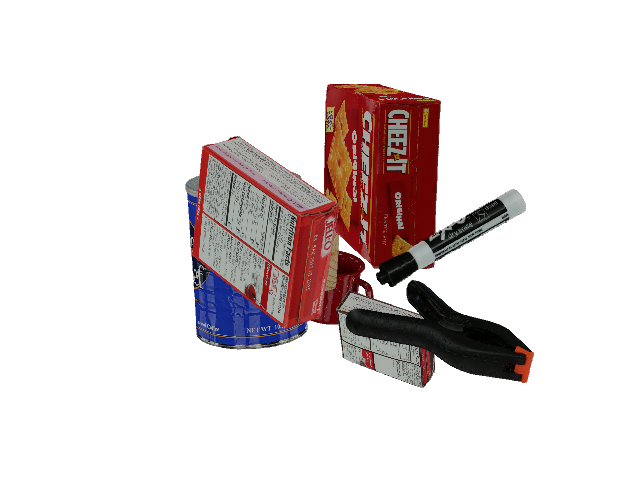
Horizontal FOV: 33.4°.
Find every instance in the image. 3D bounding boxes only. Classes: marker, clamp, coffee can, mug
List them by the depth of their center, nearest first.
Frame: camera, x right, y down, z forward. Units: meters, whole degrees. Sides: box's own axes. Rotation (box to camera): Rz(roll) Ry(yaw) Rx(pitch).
[{"bbox_3d":[0.093,-0.001,0.766,0.121,0.020,0.020,-29,6,-11],"label":"marker"},{"bbox_3d":[-0.065,0.014,0.956,0.103,0.140,0.103,-2,15,0],"label":"coffee can"},{"bbox_3d":[0.122,0.082,0.995,0.172,0.039,0.120,20,31,22],"label":"clamp"},{"bbox_3d":[0.023,0.071,1.512,0.117,0.081,0.093,18,24,27],"label":"mug"}]

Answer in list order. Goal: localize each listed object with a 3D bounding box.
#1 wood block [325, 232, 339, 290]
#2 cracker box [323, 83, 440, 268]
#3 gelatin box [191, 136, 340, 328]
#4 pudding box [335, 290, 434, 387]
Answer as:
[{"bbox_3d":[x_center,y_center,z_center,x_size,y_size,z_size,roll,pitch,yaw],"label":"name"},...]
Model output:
[{"bbox_3d":[-0.065,-0.013,1.304,0.090,0.090,0.206,-10,26,-26],"label":"wood block"},{"bbox_3d":[0.058,-0.074,1.108,0.072,0.164,0.214,-2,13,-11],"label":"cracker box"},{"bbox_3d":[-0.032,-0.005,0.587,0.030,0.073,0.089,-20,41,-39],"label":"gelatin box"},{"bbox_3d":[0.077,0.115,1.249,0.114,0.090,0.039,16,47,25],"label":"pudding box"}]
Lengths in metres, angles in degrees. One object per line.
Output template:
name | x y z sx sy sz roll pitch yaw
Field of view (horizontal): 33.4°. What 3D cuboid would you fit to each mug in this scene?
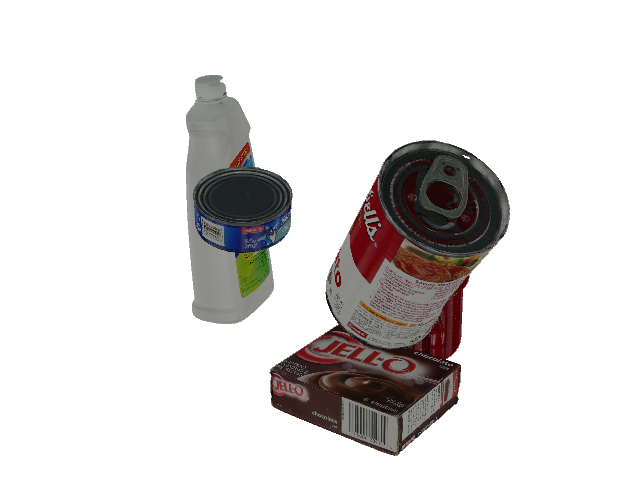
mug | 0.096 0.070 1.001 0.093 0.081 0.117 -9 33 -9

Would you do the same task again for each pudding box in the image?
pudding box | 0.033 0.107 0.785 0.114 0.039 0.089 18 30 31

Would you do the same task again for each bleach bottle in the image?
bleach bottle | -0.104 -0.045 1.117 0.068 0.251 0.102 7 27 26

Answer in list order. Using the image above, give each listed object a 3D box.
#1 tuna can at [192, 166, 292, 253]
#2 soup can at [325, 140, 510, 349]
tuna can | -0.067 -0.027 0.927 0.086 0.034 0.086 1 38 -1
soup can | 0.047 0.005 0.556 0.068 0.068 0.102 0 -32 -18
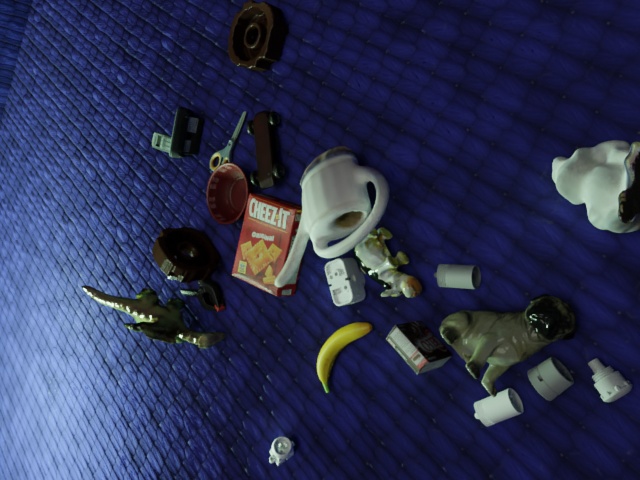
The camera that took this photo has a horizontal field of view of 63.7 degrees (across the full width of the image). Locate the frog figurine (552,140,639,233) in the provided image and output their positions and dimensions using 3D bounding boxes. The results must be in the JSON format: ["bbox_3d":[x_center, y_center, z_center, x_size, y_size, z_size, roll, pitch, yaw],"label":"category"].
[{"bbox_3d":[0.437,-0.083,0.789,0.160,0.123,0.137,-164,69,-75],"label":"frog figurine"}]

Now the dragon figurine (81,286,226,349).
[{"bbox_3d":[-0.453,0.205,1.363,0.242,0.409,0.123,174,114,-77],"label":"dragon figurine"}]

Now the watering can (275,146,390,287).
[{"bbox_3d":[0.003,-0.055,1.090,0.343,0.103,0.229,-35,50,33],"label":"watering can"}]
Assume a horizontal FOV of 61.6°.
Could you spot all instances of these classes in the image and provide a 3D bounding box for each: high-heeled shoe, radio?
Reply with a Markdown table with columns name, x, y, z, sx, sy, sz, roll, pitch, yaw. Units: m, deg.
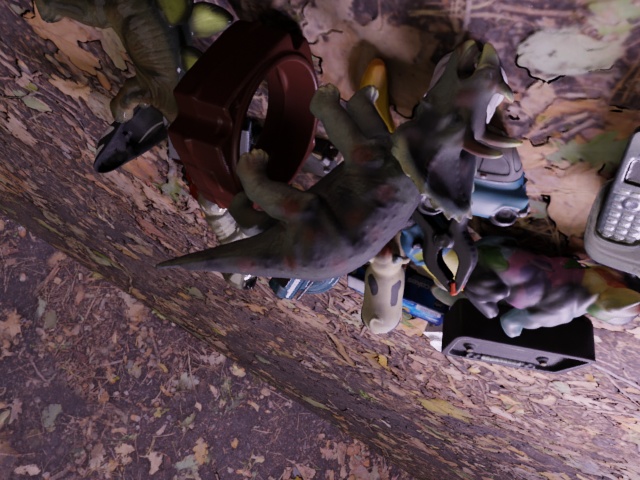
| name | x | y | z | sx | sy | sz | roll | pitch | yaw |
| --- | --- | --- | --- | --- | --- | --- | --- | --- | --- |
| high-heeled shoe | -0.306 | -0.182 | 0.917 | 0.249 | 0.145 | 0.086 | -1 | 143 | 50 |
| radio | 0.327 | 0.168 | 0.915 | 0.230 | 0.073 | 0.131 | 12 | 155 | -1 |

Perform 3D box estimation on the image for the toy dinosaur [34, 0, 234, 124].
| name | x | y | z | sx | sy | sz | roll | pitch | yaw |
| --- | --- | --- | --- | --- | --- | --- | --- | --- | --- |
| toy dinosaur | -0.222 | -0.291 | 0.640 | 0.199 | 0.105 | 0.470 | -6 | 134 | 21 |

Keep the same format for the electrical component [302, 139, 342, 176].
| name | x | y | z | sx | sy | sz | roll | pitch | yaw |
| --- | --- | --- | --- | --- | --- | --- | --- | --- | --- |
| electrical component | -0.016 | -0.127 | 0.830 | 0.102 | 0.045 | 0.078 | 20 | 152 | 20 |

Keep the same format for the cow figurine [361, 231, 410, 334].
| name | x | y | z | sx | sy | sz | roll | pitch | yaw |
| --- | --- | --- | --- | --- | --- | --- | --- | --- | --- |
| cow figurine | 0.110 | 0.068 | 0.929 | 0.086 | 0.194 | 0.127 | 7 | -167 | 12 |

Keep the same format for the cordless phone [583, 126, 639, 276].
| name | x | y | z | sx | sy | sz | roll | pitch | yaw |
| --- | --- | --- | --- | --- | --- | --- | --- | --- | --- |
| cordless phone | 0.365 | -0.040 | 0.547 | 0.147 | 0.089 | 0.184 | 18 | 149 | 24 |

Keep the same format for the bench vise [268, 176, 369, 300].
| name | x | y | z | sx | sy | sz | roll | pitch | yaw |
| --- | --- | --- | --- | --- | --- | --- | --- | --- | --- |
| bench vise | 0.007 | 0.002 | 0.942 | 0.129 | 0.223 | 0.240 | 25 | -175 | 20 |

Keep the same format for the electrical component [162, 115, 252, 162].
| name | x | y | z | sx | sy | sz | roll | pitch | yaw |
| --- | --- | --- | --- | --- | --- | --- | --- | --- | --- |
| electrical component | -0.176 | -0.170 | 0.850 | 0.134 | 0.058 | 0.114 | 7 | 141 | -2 |

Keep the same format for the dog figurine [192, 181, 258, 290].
| name | x | y | z | sx | sy | sz | roll | pitch | yaw |
| --- | --- | --- | --- | --- | --- | --- | --- | --- | --- |
| dog figurine | -0.162 | -0.015 | 0.929 | 0.172 | 0.121 | 0.190 | 30 | 115 | 4 |

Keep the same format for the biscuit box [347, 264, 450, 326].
| name | x | y | z | sx | sy | sz | roll | pitch | yaw |
| --- | --- | --- | --- | --- | --- | --- | --- | --- | --- |
| biscuit box | 0.155 | 0.093 | 1.041 | 0.203 | 0.063 | 0.059 | 22 | 153 | 15 |

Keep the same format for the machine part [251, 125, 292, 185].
| name | x | y | z | sx | sy | sz | roll | pitch | yaw |
| --- | --- | --- | --- | --- | --- | --- | --- | --- | --- |
| machine part | -0.084 | -0.132 | 0.905 | 0.084 | 0.039 | 0.138 | 29 | 158 | 20 |

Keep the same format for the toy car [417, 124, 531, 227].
| name | x | y | z | sx | sy | sz | roll | pitch | yaw |
| --- | --- | --- | --- | --- | --- | --- | --- | --- | --- |
| toy car | 0.178 | -0.087 | 0.638 | 0.162 | 0.109 | 0.102 | 14 | 132 | 6 |

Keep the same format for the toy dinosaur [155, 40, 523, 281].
| name | x | y | z | sx | sy | sz | roll | pitch | yaw |
| --- | --- | --- | --- | --- | --- | --- | --- | --- | --- |
| toy dinosaur | 0.020 | -0.035 | 0.566 | 0.192 | 0.405 | 0.131 | 52 | -166 | 16 |

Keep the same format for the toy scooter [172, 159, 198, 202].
| name | x | y | z | sx | sy | sz | roll | pitch | yaw |
| --- | --- | --- | --- | --- | --- | --- | --- | --- | --- |
| toy scooter | -0.226 | -0.132 | 1.010 | 0.135 | 0.075 | 0.183 | 29 | 152 | 0 |

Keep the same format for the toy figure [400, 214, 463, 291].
| name | x | y | z | sx | sy | sz | roll | pitch | yaw |
| --- | --- | --- | --- | --- | --- | --- | --- | --- | --- |
| toy figure | 0.188 | 0.015 | 0.840 | 0.180 | 0.082 | 0.089 | 45 | 153 | -24 |

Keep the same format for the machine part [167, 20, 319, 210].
| name | x | y | z | sx | sy | sz | roll | pitch | yaw |
| --- | --- | --- | --- | --- | --- | --- | --- | --- | --- |
| machine part | -0.081 | -0.147 | 0.673 | 0.087 | 0.201 | 0.200 | 20 | 153 | 22 |

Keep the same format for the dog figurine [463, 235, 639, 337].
| name | x | y | z | sx | sy | sz | roll | pitch | yaw |
| --- | --- | --- | --- | --- | --- | --- | --- | --- | --- |
| dog figurine | 0.328 | 0.054 | 0.739 | 0.191 | 0.108 | 0.219 | 40 | 149 | -16 |
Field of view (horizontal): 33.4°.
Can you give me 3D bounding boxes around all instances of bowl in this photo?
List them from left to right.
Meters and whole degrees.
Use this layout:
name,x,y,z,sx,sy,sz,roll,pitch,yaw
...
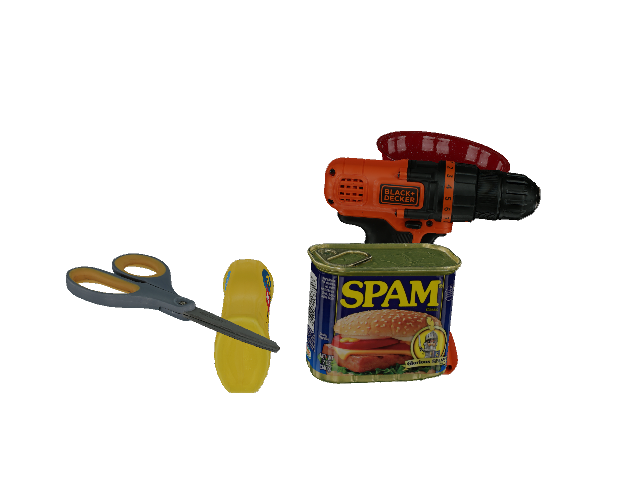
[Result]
name,x,y,z,sx,sy,sz,roll,pitch,yaw
bowl,0.142,-0.080,1.280,0.162,0.055,0.162,8,24,-4

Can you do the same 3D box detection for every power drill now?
name,x,y,z,sx,sy,sz,roll,pitch,yaw
power drill,0.091,0.021,0.935,0.184,0.188,0.057,6,17,7

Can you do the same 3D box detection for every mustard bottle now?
name,x,y,z,sx,sy,sz,roll,pitch,yaw
mustard bottle,-0.081,0.075,1.163,0.058,0.096,0.191,-1,28,-1

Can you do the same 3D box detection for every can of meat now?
name,x,y,z,sx,sy,sz,roll,pitch,yaw
can of meat,0.041,0.049,0.734,0.102,0.084,0.057,0,16,-13

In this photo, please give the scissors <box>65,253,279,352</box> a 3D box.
name,x,y,z,sx,sy,sz,roll,pitch,yaw
scissors,-0.113,0.047,0.884,0.202,0.016,0.096,13,25,15
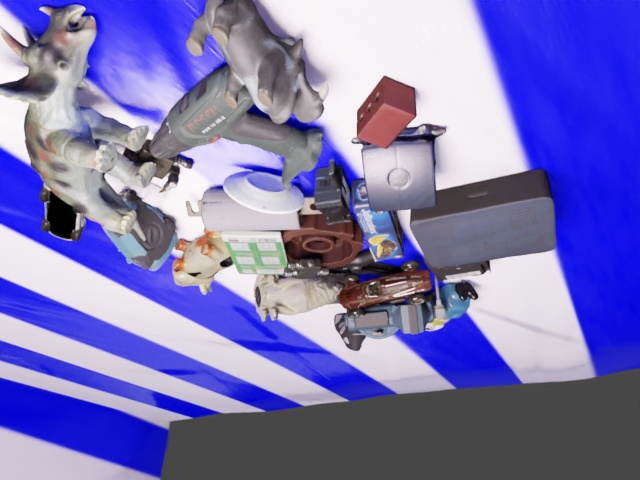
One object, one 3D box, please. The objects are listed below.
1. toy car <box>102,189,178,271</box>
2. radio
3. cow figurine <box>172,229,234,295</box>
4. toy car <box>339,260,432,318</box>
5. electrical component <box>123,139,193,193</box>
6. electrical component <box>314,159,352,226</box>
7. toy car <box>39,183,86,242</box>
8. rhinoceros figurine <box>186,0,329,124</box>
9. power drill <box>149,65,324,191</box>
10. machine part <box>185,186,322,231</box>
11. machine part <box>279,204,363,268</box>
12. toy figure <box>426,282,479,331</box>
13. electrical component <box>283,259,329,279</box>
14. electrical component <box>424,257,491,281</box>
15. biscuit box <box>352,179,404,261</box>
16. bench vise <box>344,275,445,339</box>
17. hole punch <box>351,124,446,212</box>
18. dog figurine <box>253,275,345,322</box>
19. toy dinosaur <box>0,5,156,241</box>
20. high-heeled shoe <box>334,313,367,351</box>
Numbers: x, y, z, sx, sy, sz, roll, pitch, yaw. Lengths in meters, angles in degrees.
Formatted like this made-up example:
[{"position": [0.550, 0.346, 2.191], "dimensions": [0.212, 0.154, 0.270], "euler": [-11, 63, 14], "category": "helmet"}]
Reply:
[{"position": [-0.351, -0.020, 1.001], "dimensions": [0.103, 0.109, 0.161], "euler": [6, 147, 32], "category": "toy car"}, {"position": [0.280, -0.030, 0.920], "dimensions": [0.230, 0.073, 0.131], "euler": [-10, 133, 24], "category": "radio"}, {"position": [-0.242, 0.047, 1.130], "dimensions": [0.195, 0.085, 0.127], "euler": [-28, 138, 36], "category": "cow figurine"}, {"position": [0.130, 0.101, 1.110], "dimensions": [0.202, 0.089, 0.053], "euler": [-16, 154, 27], "category": "toy car"}, {"position": [-0.268, -0.118, 0.869], "dimensions": [0.102, 0.045, 0.078], "euler": [24, 146, -32], "category": "electrical component"}, {"position": [0.018, -0.082, 0.877], "dimensions": [0.048, 0.075, 0.119], "euler": [-7, 154, 17], "category": "electrical component"}, {"position": [-0.471, -0.056, 0.991], "dimensions": [0.073, 0.056, 0.201], "euler": [19, 146, -16], "category": "toy car"}, {"position": [-0.067, -0.207, 0.635], "dimensions": [0.073, 0.112, 0.190], "euler": [-2, 143, 44], "category": "rhinoceros figurine"}, {"position": [-0.114, -0.149, 0.779], "dimensions": [0.207, 0.086, 0.232], "euler": [27, 143, -25], "category": "power drill"}, {"position": [-0.116, -0.053, 0.938], "dimensions": [0.243, 0.079, 0.079], "euler": [-2, 151, 7], "category": "machine part"}, {"position": [-0.002, -0.003, 1.041], "dimensions": [0.179, 0.056, 0.179], "euler": [2, 152, 1], "category": "machine part"}, {"position": [0.293, 0.152, 1.271], "dimensions": [0.082, 0.089, 0.180], "euler": [25, 137, -13], "category": "toy figure"}, {"position": [-0.024, 0.057, 1.068], "dimensions": [0.094, 0.021, 0.063], "euler": [1, 153, -17], "category": "electrical component"}, {"position": [0.270, 0.026, 1.067], "dimensions": [0.115, 0.058, 0.134], "euler": [-12, 147, 22], "category": "electrical component"}, {"position": [0.108, -0.034, 0.969], "dimensions": [0.059, 0.063, 0.202], "euler": [-7, 150, 16], "category": "biscuit box"}, {"position": [0.169, 0.159, 1.235], "dimensions": [0.224, 0.128, 0.240], "euler": [-18, 180, 5], "category": "bench vise"}, {"position": [0.121, -0.106, 0.815], "dimensions": [0.142, 0.092, 0.115], "euler": [-2, 147, 16], "category": "hole punch"}, {"position": [-0.045, 0.122, 1.244], "dimensions": [0.190, 0.121, 0.172], "euler": [-2, -171, -27], "category": "dog figurine"}, {"position": [-0.345, -0.120, 0.757], "dimensions": [0.192, 0.131, 0.404], "euler": [27, 145, 2], "category": "toy dinosaur"}, {"position": [0.081, 0.253, 1.402], "dimensions": [0.086, 0.145, 0.248], "euler": [5, 149, -2], "category": "high-heeled shoe"}]
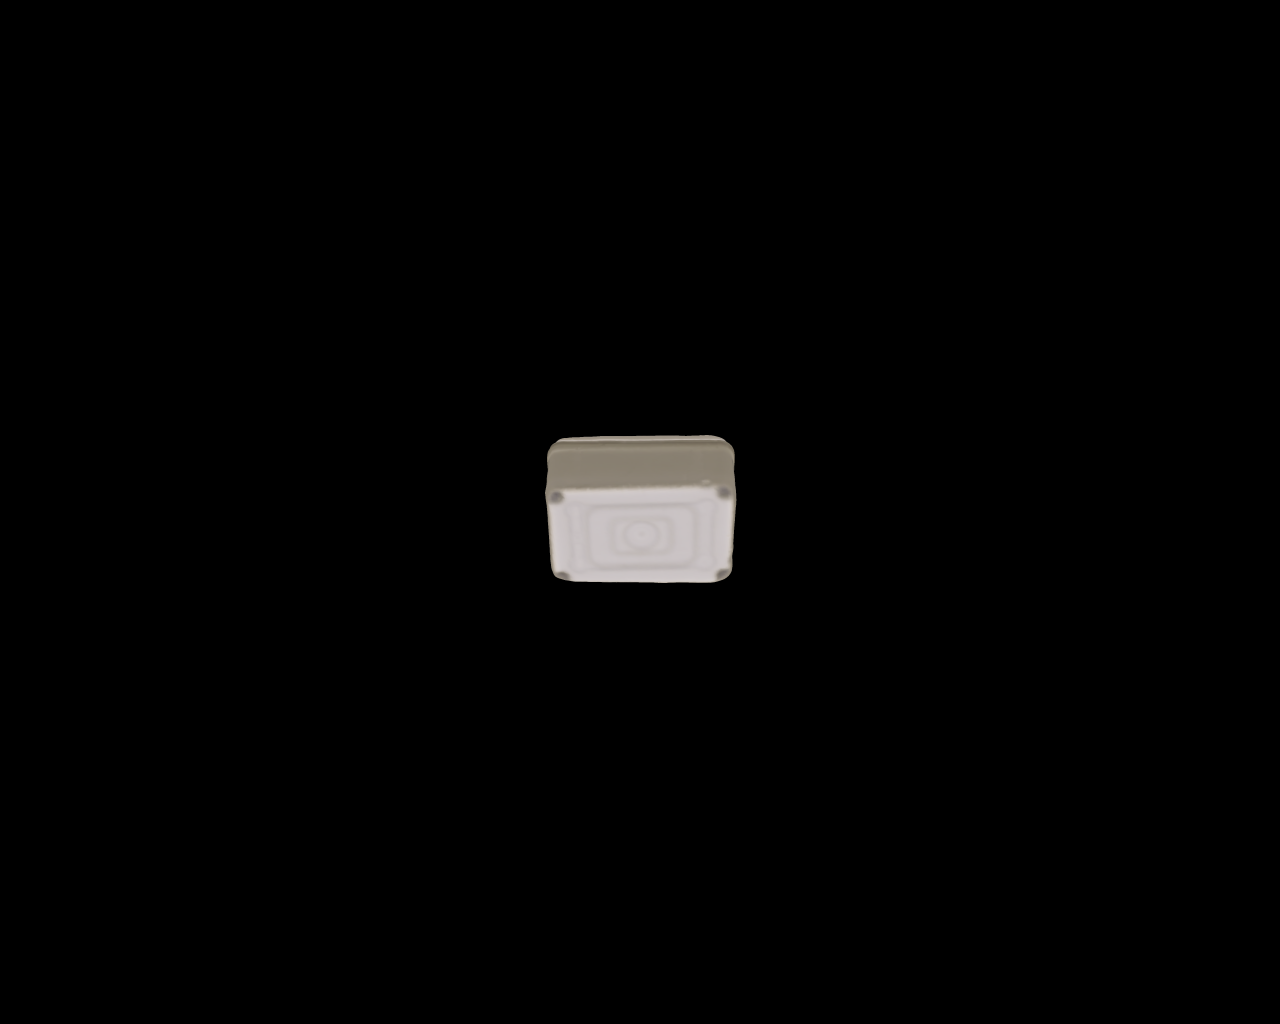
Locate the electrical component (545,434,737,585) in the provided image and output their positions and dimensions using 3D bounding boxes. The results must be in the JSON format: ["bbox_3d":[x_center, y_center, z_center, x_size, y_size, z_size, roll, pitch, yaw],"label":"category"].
——————
**WHAT NEEDS TO BE DONE:** Output only the lines running from the top of the data above to the line with "List them by", inclusive, word for word and without pictures.

**SOLUTION FOR THIS TASK:**
Horizontal FOV: 33.4°.
Find every instance in the image. 3D bounding boxes only. Classes: marker, clamp, coffee can, mug
List them by the depth of their center, nearest first.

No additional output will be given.